Le penseur français, grand prêtre du Nouvel Ordre Mondial et père du concept à la mode de « nouvel humanisme », (utilisé par le Pape, à l’occasion du lancement d’un « Pacte éducatif mondial » le 12 septembre, suscitant dans le milieu catholique une réaction de perplexité et de stupéfaction) était reçu par François en juin dernier. Hasard? (Luisella Scrosati).

Voir aussi:

François et Edgar Morin, 27 juin 2019
Photo ici

« Nous avons besoin d’un pacte éducatif mondial qui nous éduque à la solidarité universelle, à un nouvel humanisme. »

Pape François, message pour le lancement du Pacte éducatif, 12 septembre 2019

Veillez à ce que l’ennemi ne pénètre pas dans le champ du Seigneur pour semer l’ivraie au milieu du blé…. afin que les âmes ne soient pas séduites par un humanisme dangereux, et qu’une fausse doctrine ne soit pas introduite qui modifie la notion même de la foi.
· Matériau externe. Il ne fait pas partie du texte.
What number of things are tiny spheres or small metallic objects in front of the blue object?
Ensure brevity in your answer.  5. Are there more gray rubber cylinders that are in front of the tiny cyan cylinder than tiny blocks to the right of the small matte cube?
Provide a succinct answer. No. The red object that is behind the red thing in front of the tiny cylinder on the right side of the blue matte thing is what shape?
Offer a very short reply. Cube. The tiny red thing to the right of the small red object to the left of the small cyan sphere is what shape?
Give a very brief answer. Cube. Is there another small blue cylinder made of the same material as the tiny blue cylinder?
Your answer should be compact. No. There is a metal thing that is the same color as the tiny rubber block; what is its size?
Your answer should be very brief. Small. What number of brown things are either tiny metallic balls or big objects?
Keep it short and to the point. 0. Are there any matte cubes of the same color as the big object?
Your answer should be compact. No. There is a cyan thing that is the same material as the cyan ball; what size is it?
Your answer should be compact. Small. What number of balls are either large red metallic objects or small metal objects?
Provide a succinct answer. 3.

Pie XII, Encyclique Mediator Dei, 20 novembre 1947

Il est désormais très difficile de ne pas voir, pour ceux qui ont des yeux et de ne pas comprendre pour ceux qui ont des oreilles. L’unique, le seul grand, extraordinaire, étonnement est que les évêques et les cardinaux se taisent. Mais comme me l’a dit hier un vieux prêtre qui n’a pas peur de parler, et l’a fait à plusieurs reprises : « Mais ils devront rendre compte… ». Peut-être certains d’entre eux n’y croient-ils plus.

Marco Tosatti

Nouvel humanisme: le christianisme vidé du Christ

Luisella Scrosati
16 septembre 2019
La NBQ
Ma traduction

Le projet du Nouvel Humanisme de Morin prévoit de retirer du christianisme l’affirmation que Jésus-Christ est l’unique Sauveur de l’homme, qu’il y a une seule Église, qu’il y a une seule Révélation. Ainsi, nous aurons une religion qui pourra s’intégrer dans le monde magnifique des hommes qui se reconnaissent dans l’unique horizon de la Terre-maison commune. L’universalisme authentiquement chrétien cède ainsi la place à la création d’un monde nouveau et d’un homme nouveau sans le Christ.

Nouvel humanisme: c’est l’expression que l’on retrouve depuis plusieurs jours sur les bouches et sous la plume de nombreux intellectuels, journalistes ou ‘toutologues » professionnels. Le La a été donné par le discours du Premier ministre en charge Giuseppe Conte, qui avait enfermé dans cette expression – et pas qu’une seule fois – rien de moins que « l’horizon idéal pour le Pays », notre belle et tourmentée Italie. La formule, enthousiasmante pour beaucoup, a résonné sinistrement à d’autres oreilles plus attentives, comme celles du Père Livio Fanzaga de Radio Maria, qui a identifié dans le noyau central du nouvel humanisme, articulé par le philosophe français Edgar Morin, un projet pour construire un monde nouveau, un homme nouveau sans le Christ.

Il est curieux de noter que Morin, justement lui, a été reçu en audience par le pape François le 27 juin dernier; la veille, il avait pu donner une conférence à la Villa Bonaparte, en présence de l’Ambassadrice de France auprès du Saint-Siège, Mme Élisabeth Beton-Delègue, et des membres du Corps diplomatique et de la Curie romaine. Thème? La convergence de sa propre pensée avec celle du Pontife actuel.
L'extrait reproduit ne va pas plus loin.